12) Toute chose véritable, c’est-à-dire toute Idée, est engagée dans un processus d’auto-réalisation.
Elle se fait être et connaître à partir de sa présupposition donnée. Cependant, ce qu’elle est
n’est pas déductible du commencement de son processus, car elle ne se rend effective qu’en
niant son origine.
13) Le fini ne provient pas de l’infini, mais, tout au contraire, c’est contre le fini que l’infini vient au
jour. Nulle activité idéalisante n’est concevable sans un « il y a » préalable.
14) On peut considérer que l’importance reconnue au donné constitue un retour au kantisme, par-
delà Fichte et le Schelling de la philosophie de l’identité. Allons plus loin : le donné est pris
355
davantage au sérieux par Hegel que par Kant, dans la mesure où ce dernier ne pense la réceptivité
du sujet fini que par contraste avec la spontanéité d’un entendement divin intuitif qui ferait exister
ses objets.
15) Le troisième terme d’un cycle systématique ne consiste pas à découvrir une médiation qui aurait
toujours été déjà là, mais à se produire comme principe intérieur unitaire. Le « retour à soi » – qui
n’est pas un retour en arrière – est l’auto-position décisionnelle d’un soi souverain.
16) Le système hégélien n’est pas téléologique, au sens où le commencement aspirerait à l’achèvement,
ou encore au sens où l’immédiateté garantirait par elle-même l’accès à l’auto-médiation. Si par
télos on entend une instance rationnelle intérieure qui gouverne actuellement le devenir de
l’objectivité, alors le télos n’est présent que dans le troisième moment d’un cycle quelconque et
s’oppose, à ce titre, aux deux moments antérieurs caractérisés soit par l’absence de médiation
(premier moment), soit par une médiation seulement extérieure (deuxième moment).
17) Insistons : le télos, dans le troisième moment, ne se réalise pas tel quel dans l’objectivité mais au
prix de sa négation. Car son insertion dans l’objectivité implique le changement de son contenu.
Même dans un moment téléologique, le devenir est novateur.
18) Les propositions bien connues selon lesquelles « l’effectif est rationnel », « la raison gouverne le
monde », ou encore « le vrai est sujet », d’une part ont un sens structural en ce que leur signification
particulière change selon le cycle considéré, d’autre part ne valent jamais que pour le troisième
moment de chaque cycle.
19) Hegel réforme la problématique de la nécessité et de la contingence. À ses yeux, la question n’est
pas de savoir si un être quelconque est ou non inscrit avec une nécessité géométrique dans
l’enchaînement des causes et des effets. Et il ne s’agit pas non plus de savoir s’il est en droit connu
de toute éternité par un hypothétique entendement infini. La question est de savoir si un moment
quelconque est immédiat (moment de la possibilité au sens de l’existence seulement formelle),
extérieurement médiatisé (moment de la contingence au sens de la dépendance à l’égard de l’autre)

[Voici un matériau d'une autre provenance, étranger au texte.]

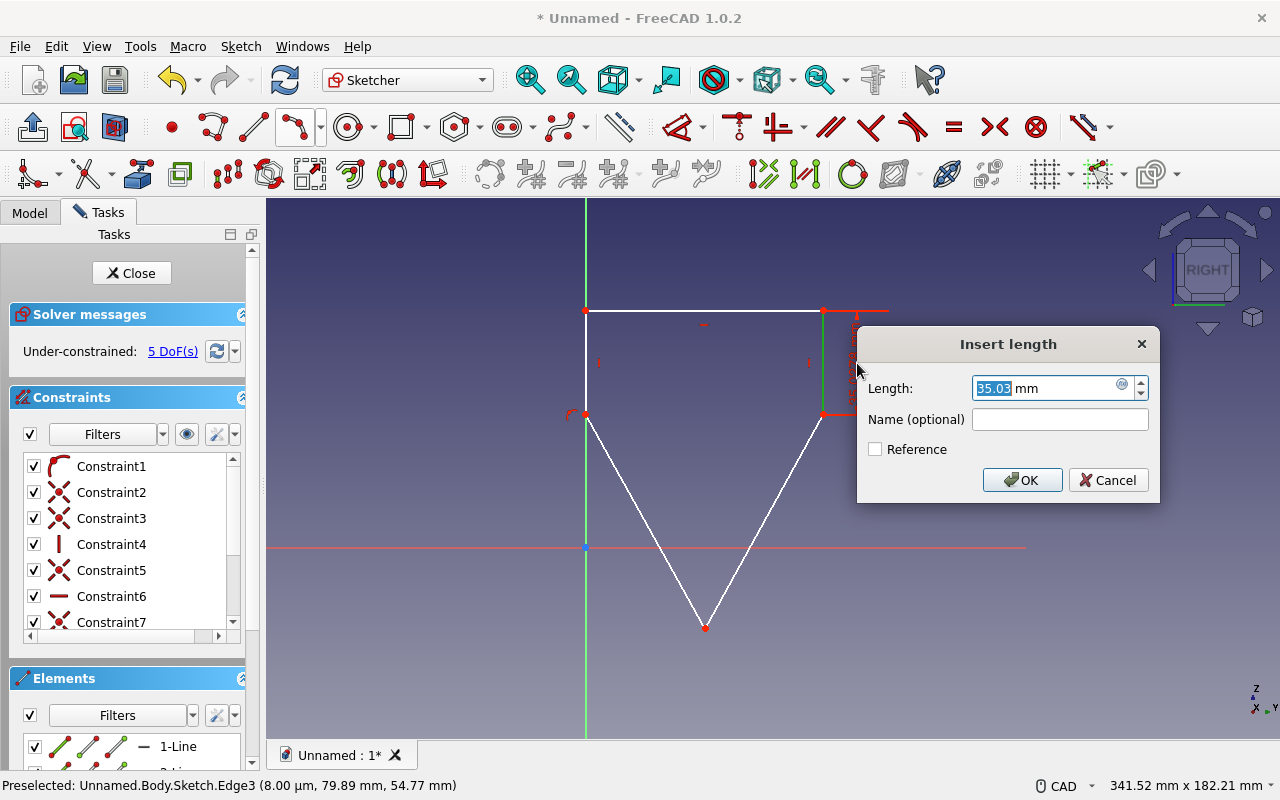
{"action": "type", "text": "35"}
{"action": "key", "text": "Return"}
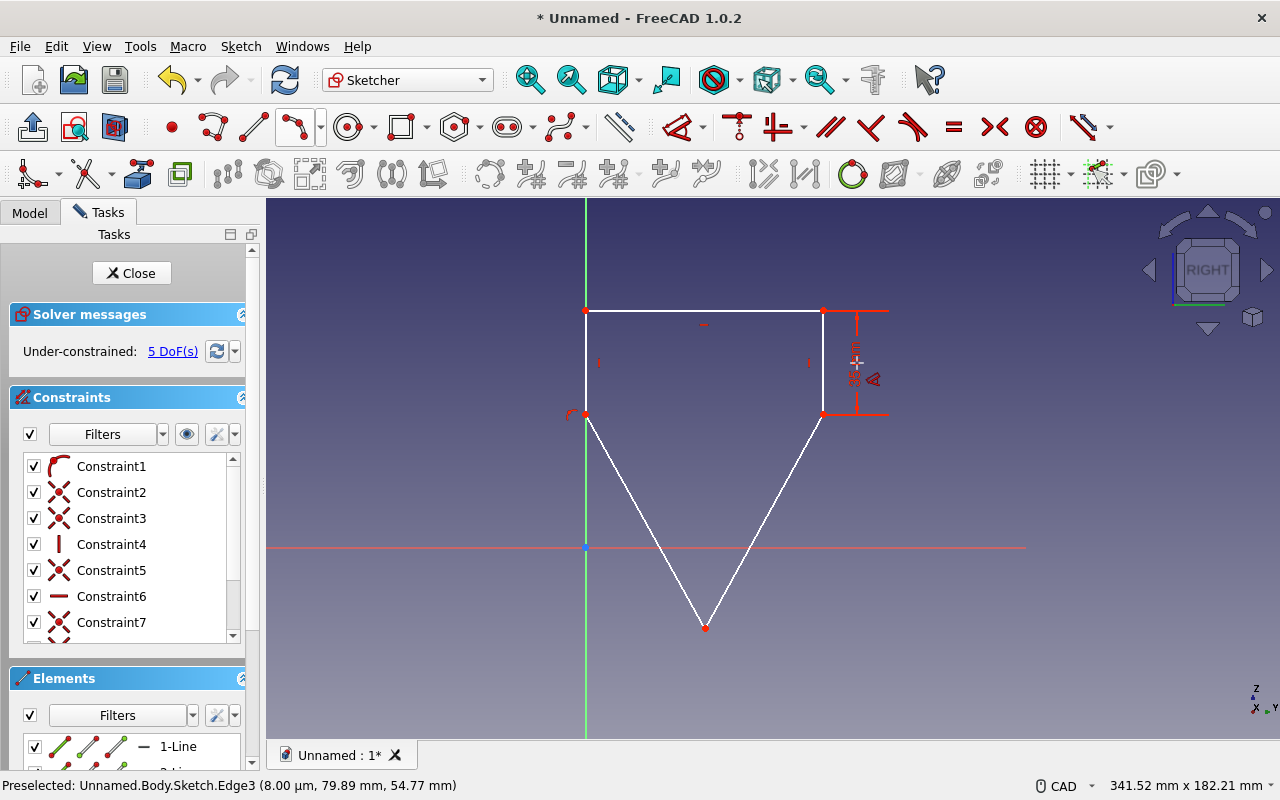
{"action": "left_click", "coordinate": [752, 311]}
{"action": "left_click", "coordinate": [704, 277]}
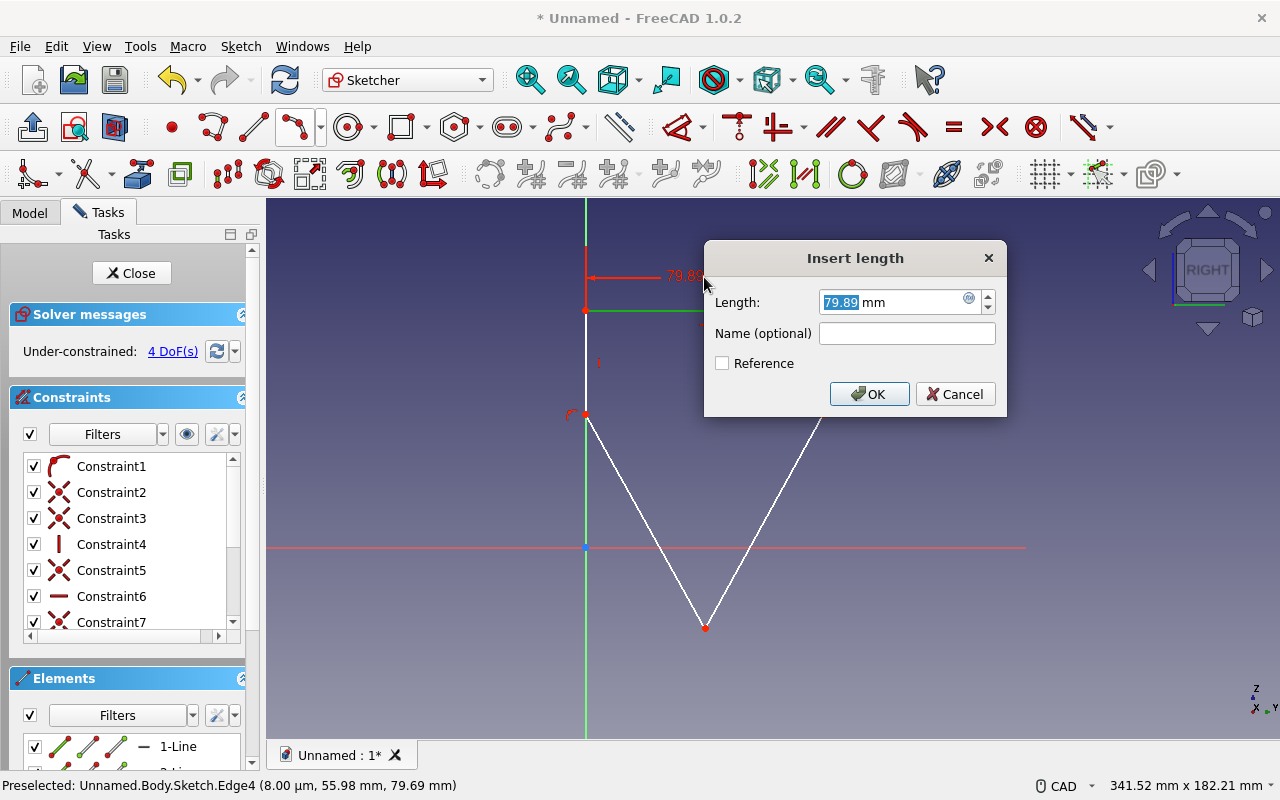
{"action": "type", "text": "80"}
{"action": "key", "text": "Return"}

ou intérieurement médiatisé (moment de la nécessité, au sens de l’auto-fondation).
20) Une médiation se rapporte à un donné pour le modifier de l’extérieur ou l’organiser de l’intérieur :
cependant elle n’abolit pas son immédiateté mais se borne à l’assujettir. La nécessité se fait donc
valoir sur le terrain même de la contingence.
21) De même, le mal n’est pas justifié. L’Aufhebung de la contradiction n’est pas l’opération qui la
rendrait non-contradictoire mais le surgissement d’un sujet qui, pensant et gouvernant la
contradiction, est quant à lui en paix avec soi. En outre cette réconciliation n’est garantie ni par
356
une entité métaphysique présupposée, ni par une organisation ad hoc des choses. Elle repose sur
une libre décision du sujet qui se constitue, précisément, dans l’opération de réconciliation.
22) Le De Orbitis critique, entre autres choses, l’idée d’une connaissance mathématique a priori de la
nature et promeut la connaissance reposant sur l’observation.
23) Pour le Hegel de la maturité, les sciences empiriques sont à la fois indispensables et subordonnées
en raison, précisément, de leur dépendance à l’égard de l’expérience. Le savoir empirique-réflexif
analyse et généralise les données de l’expérience. Cependant il reste fragmentaire, donc
insatisfaisant.
24) La Phénoménologie ne tend pas à introduire son lecteur à la philosophie, car elle présuppose que
celui-ci est déjà philosophant. Elle ne poursuit aucun but éducatif, mais, en établissant que la
connaissance philosophique est légitime, elle porte à son accomplissement la tendance de l’esprit
à la connaissance de soi. Introduction à elle-même, elle passe d’un discours seulement « certain de
soi-même » à un discours « vrai ».
25) La raison observante dans la Phénoménologie constitue la seule critique proprement systématique du
savoir empirique. Du point de vue de l’œuvre de la maturité cependant, il est douteux qu’elle
constitue une critique complète.
26) La nature est irrémédiablement multiple. Alors que l’esprit se définit par la connaissance et la
volonté, la nature n’est qu’une activité proliférante d’auto-conservation par auto-multiplication.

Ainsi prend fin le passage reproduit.